Berdasarkan data yang diperoleh, keterkaitan program pencegahan ektremisme dengan pekerja migran menjadi relevan. Kasus Novi sebagai perempuan pengantin bom pertama dan Ika Puspita Sari perempuan pekerja migran menjadi dasar pentingnya melaksanakan program yang bertujuan mendorong partisipasi perempuan pekerja migran untuk penguatan kapasitas dan meningkatkan kesadaran perempuan. Proses bagaimana resiliensi perempuan terbangun sehingga mampu menghadapi sekaligus memberikan pendidikan kepada anak-anak dan keluarga terdekat mereka.
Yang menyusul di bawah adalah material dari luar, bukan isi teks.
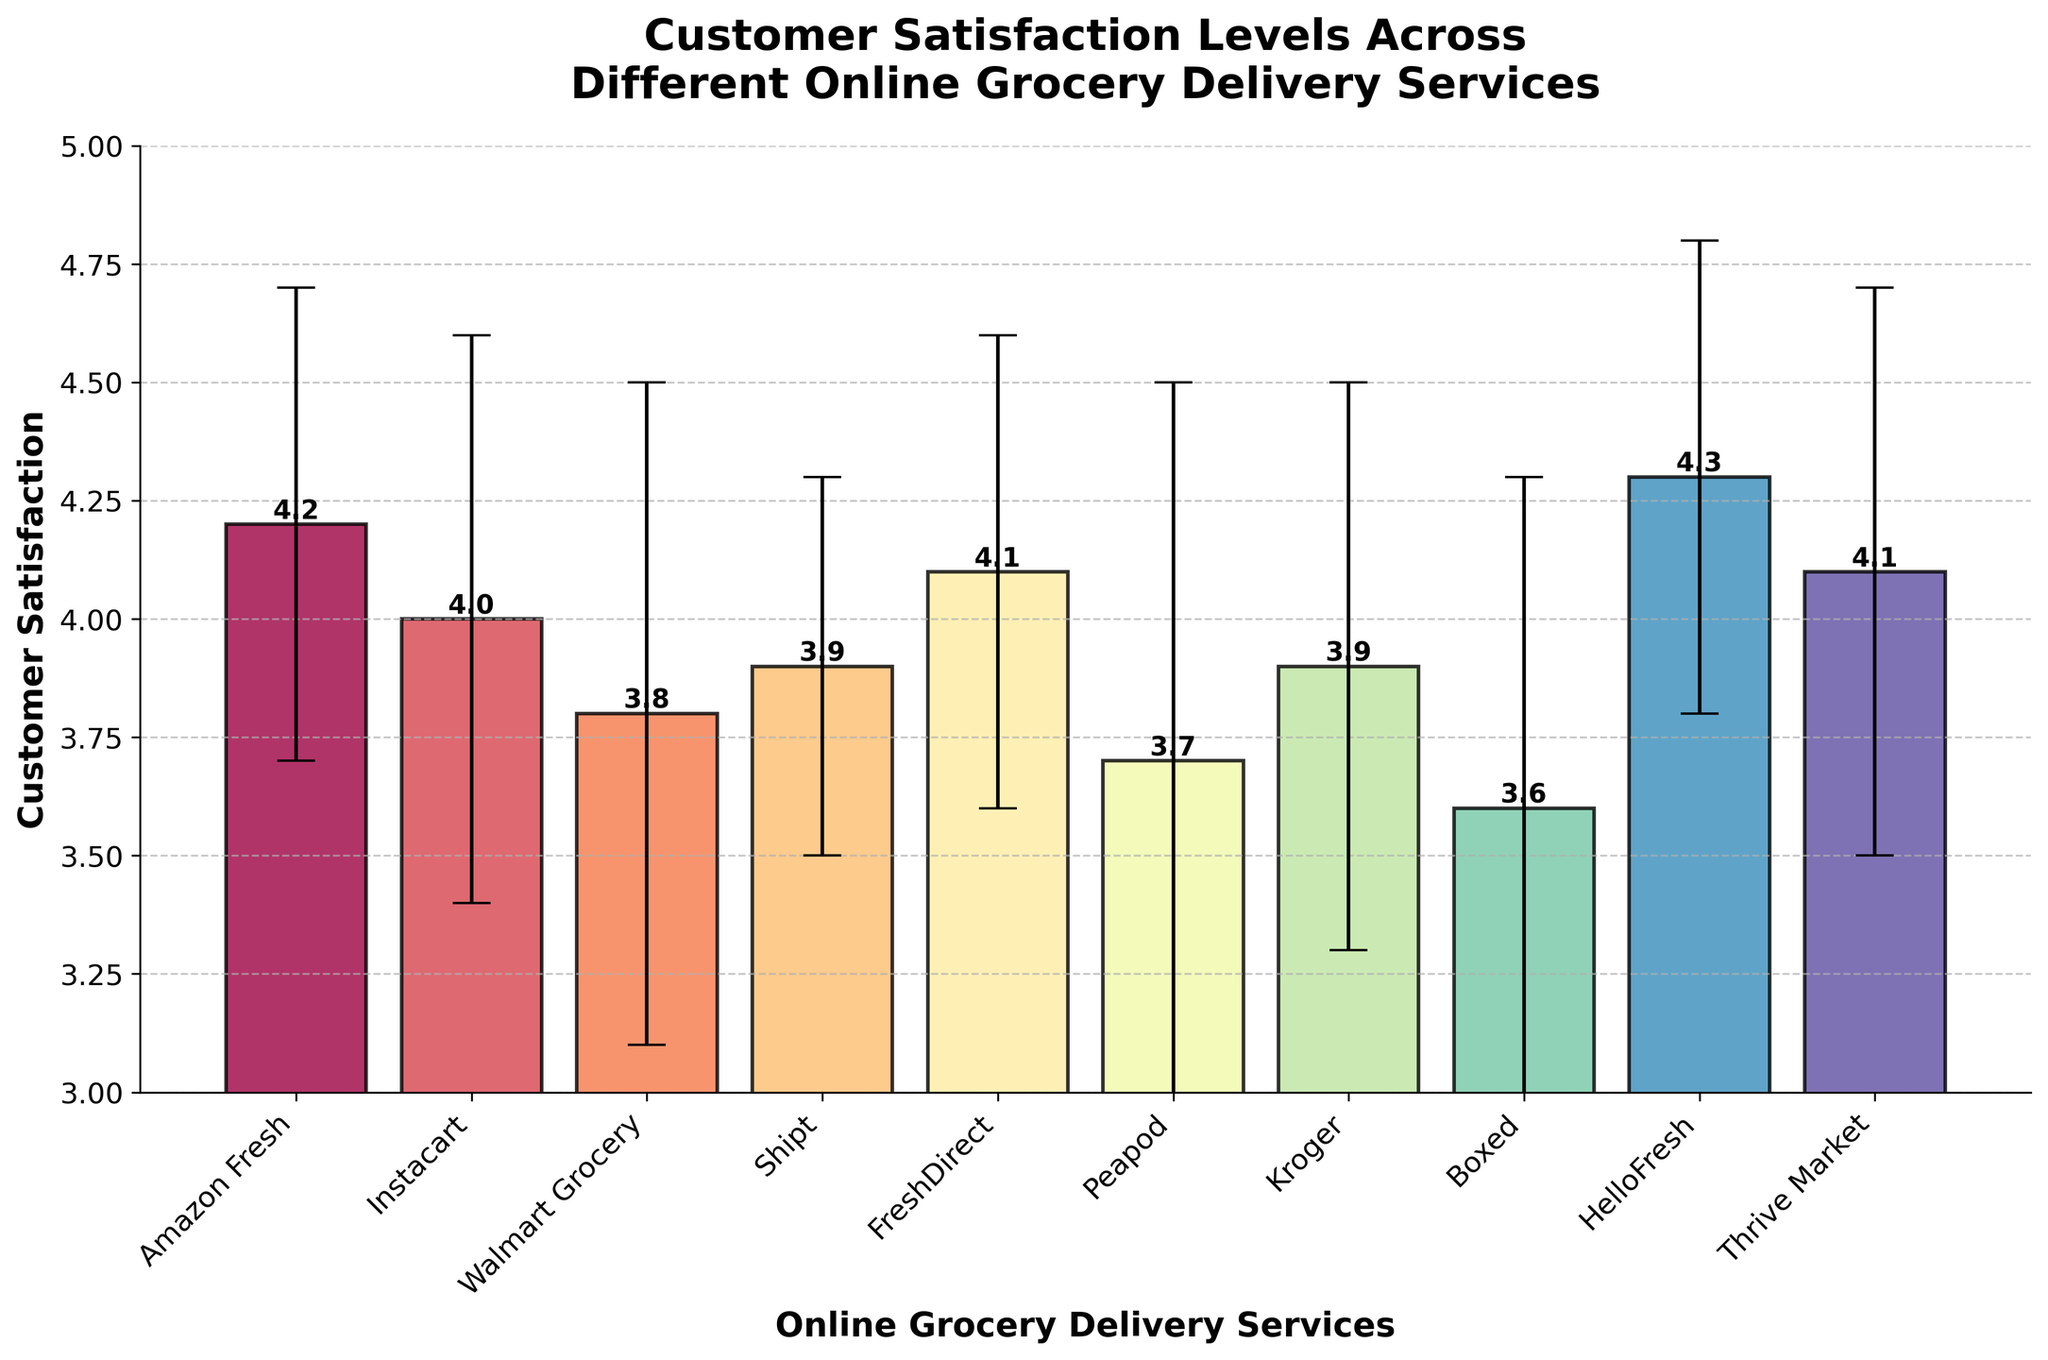What is the title of the figure? The title is the text above the bar chart that describes the overall subject of the chart. It appears in bold at the top center of the figure.
Answer: Customer Satisfaction Levels Across Different Online Grocery Delivery Services What is the average customer satisfaction score for Amazon Fresh? Find the bar that corresponds to Amazon Fresh, and look for the height of the bar, which represents the mean satisfaction.
Answer: 4.2 Which service has the lowest mean customer satisfaction? Look for the shortest bar in the chart, as it represents the lowest mean satisfaction score. Read the label beneath this bar.
Answer: Boxed What is the range of mean satisfaction levels across all services? Identify the highest and lowest bars, subtract the value of the lowest bar from the value of the highest bar.
Answer: 0.7 (4.3 - 3.6) How does the error bar for Shipt compare to the error bar for Walmart Grocery? Look at both the length of the error bars (the vertical lines) for Shipt and Walmart Grocery. Compare their lengths to determine which one is longer.
Answer: Shipt's error bar is shorter Which service has a mean satisfaction exactly equal to 4.1? Locate the bar(s) that reach the 4.1 mark on the y-axis. Determine the service name(s) from the x-axis label(s) of these bar(s).
Answer: FreshDirect and Thrive Market Which service has the highest variability in customer satisfaction? Look for the bar with the tallest error bar (longest vertical line), which represents the highest standard deviation. Read the label beneath this bar.
Answer: Peapod Order the services by decreasing mean satisfaction score. Arrange the service names in order from the highest bar to the shortest bar.
Answer: HelloFresh, Amazon Fresh, FreshDirect, Thrive Market, Instacart, Shipt, Kroger, Walmart Grocery, Peapod, Boxed How does the mean satisfaction score for Instacart compare to Walmart Grocery? Find the heights of the bars for Instacart and Walmart Grocery and compare them. Determine which one is higher.
Answer: Instacart's mean satisfaction score is higher What is the median mean satisfaction score across all services? List all mean satisfaction scores, sort them, and find the middle value. If there is an even number of services, calculate the average of the two central values.
Answer: 4.0 (middle value in sorted list [3.6, 3.7, 3.8, 3.9, 3.9, 4.0, 4.1, 4.1, 4.2, 4.3])

Dalam perspektif kesetaraan gender, perempuan dipandang memiliki potensi yang sama dengan warga masyarakat lainnya. Pandangan kesetaraan gender memperjuangkan perempuan sebagai subyek, baik dalam pembangunan maupun proyek sosial berbasis kemasyarakatan lainnya. Program pemberdayaan masyarakat dengan pendekatan perspektif kesetaraan gender inilah yang kemudian berhasil membantu para perempuan menggali dan mendayagunakan potensi yang mereka miliki.
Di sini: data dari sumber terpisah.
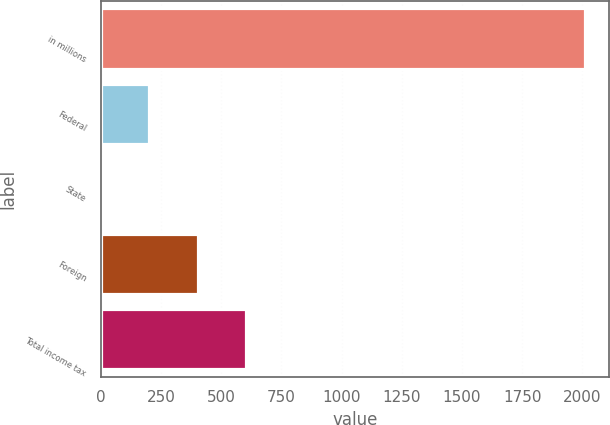Convert chart. <chart><loc_0><loc_0><loc_500><loc_500><bar_chart><fcel>in millions<fcel>Federal<fcel>State<fcel>Foreign<fcel>Total income tax<nl><fcel>2009<fcel>202.16<fcel>1.4<fcel>402.92<fcel>603.68<nl></chart> 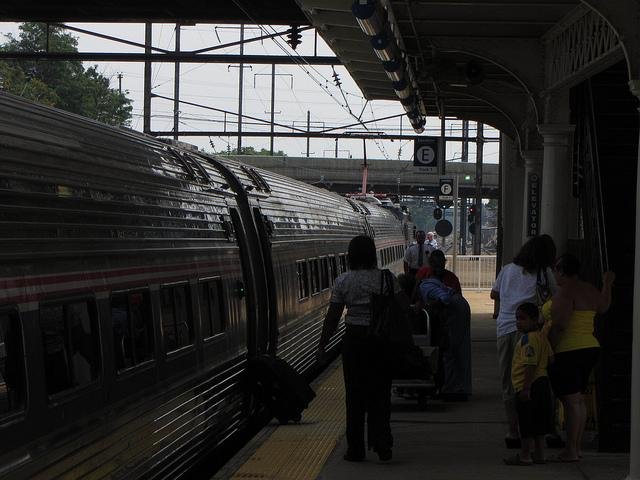What sort of power moves this vehicle? Please explain your reasoning. electric. You can see the power lines above it

Program yang telah dijalankan oleh Mitra Wacana memiliki 3 tujuan besar, yaitu: pertama perempuan komunitas mampu melakukan pemetaan potensi IRET melalui perilaku warga di sekitarnya. Deteksi dini terhadap perilaku IRET disekitarnya ini dilakukan dengan mencermati pendidikan anak, ceramah agama, kelompok agama dan seterusnya. Kedua, perempuan memiliki resiliensi (kelenturan) sebagai bentuk ketahanan mereka untuk tidak mudah terpengaruh dengan aksi-aksi IRET dan istilah-istilah keagamaan yang menstigma negatif kelompok tertentu, misalnya sesat dan kafir (istilah yang kerap digunakan oleh kelompok fundamentalis). Ketiga, perempuan komunitas menjadi mitra pemerintah desa mempromosikan nilai-nilai perdamaian dan bekerja bersama mencegah IRET.
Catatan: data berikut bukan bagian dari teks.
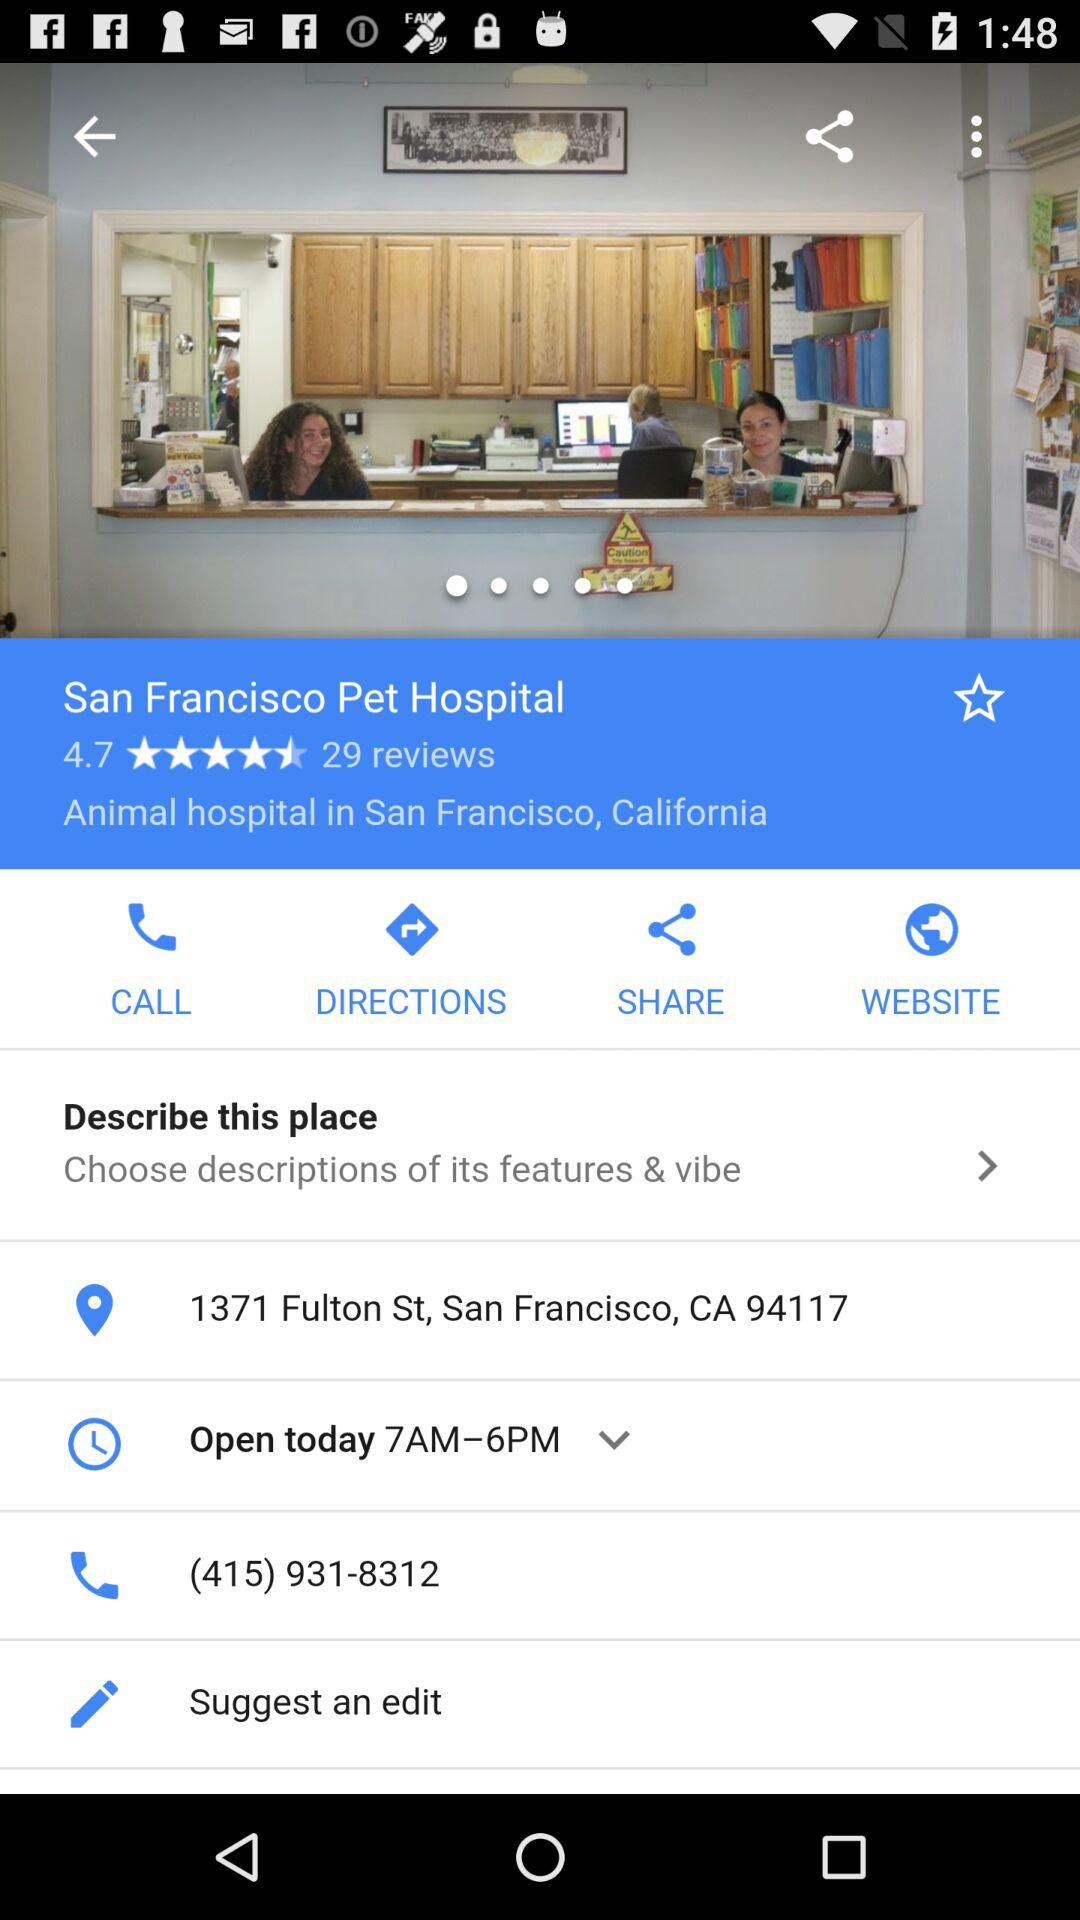What is the rating of the San Francisco Pet Hospital? The rating is 4.7 stars.

Sistem Peringatan Dini Ekstremisme

Kegiatan dalam rangka mewujudkan pencegahan IRET,  meliputi:  pertama  peningkatan  kapasitas, kedua mewujudkan kesadaran komunitas dan ketiga meningkatnya keterampilan melakukan monitoring sebagai upaya deteksi dini ancaman-ancaman kekerasan akibat aksi radikalisme dan terorisme. Menjadi pengetahuan penting, bahwa dalam praktik radikalisme dan terorisme mengandung praktik kekerasan dalam rumah tangga. Berdasarkan hal tersebut, maka deteksi dini merupakan hal yang urgent karena bisa melindungi anggota keluarga mereka dan secara luas membantu desa mereka terbebas dari ancaman radikalisme dan terorisme.

Pertama, terkait memperkuat pengetahuan. Kegiatan ini diawali dengan langkah memberikan referensi pengetahuan pada komunitas terkait perbedaan istilah- istilah. Dikarenakan aksi-aksi intoleran rentan mengarah pada aksi radikalisme, ektremisme dan terorisme inilah kemudian program Mitra Wacana menjadikan keempat hal tersebut menjadi satu kesatuan yang kemudian disebut dengan istilah IRET.

Pemahaman agama yang humanis juga dikenalkan kepada komunitas dampingan. Contohnya, pandangan- pandangan atau dalil agama yang ramah, atau sebaliknya dalil yang tidak ramah juga dalil mana saja yang kerap menjadi argumen kelompok ekstremis ketika melakukan aksi propaganda-memengaruhi-publik. Dengan pemahaman agama yang kritis diyakini bisa menjadi bekal atau benteng dari ajakan-ajakan para jihadis dan simpatisannya. Dalam hal ini, ada beberapa pertanyaan bagaimana Islam memandang jihad, aksi kekerasan terhadap sesama, praktik Sweeping, pembubaran paksa acara ibadah umat lain yang dianggap berbeda, serta tradisi-tradisi masyarakat karena dianggap sesat.

Pembedaan aksi IRET dan pemahaman agama yang ramah di atas, bertujuan agar komunitas memiliki keterampilan mengidentifikasi gejala IRET dan mampu memberikan penilaian ketika ada organisasi atau lembaga serta kegiatan keagamaan yang mengancam desa.

Kedua, menumbuhkan kesadaran komunitas. Setelah memiliki kemampuan melakukan identifikasi IRET, mereka memiliki kepekaan serta kepedulian jika terdapat kegiatan atau hal-hal yang dirasa mengarah pada aksi IRET. Misalnya dalam program ini ada informasi dari penerima manfaat bahwa sekitar tahun 1980an, di Kulon Progo pernah ada seorang laki-laki yang di anggap aneh, karena menolak mengibarkan dan hormat pada bendera merah putih.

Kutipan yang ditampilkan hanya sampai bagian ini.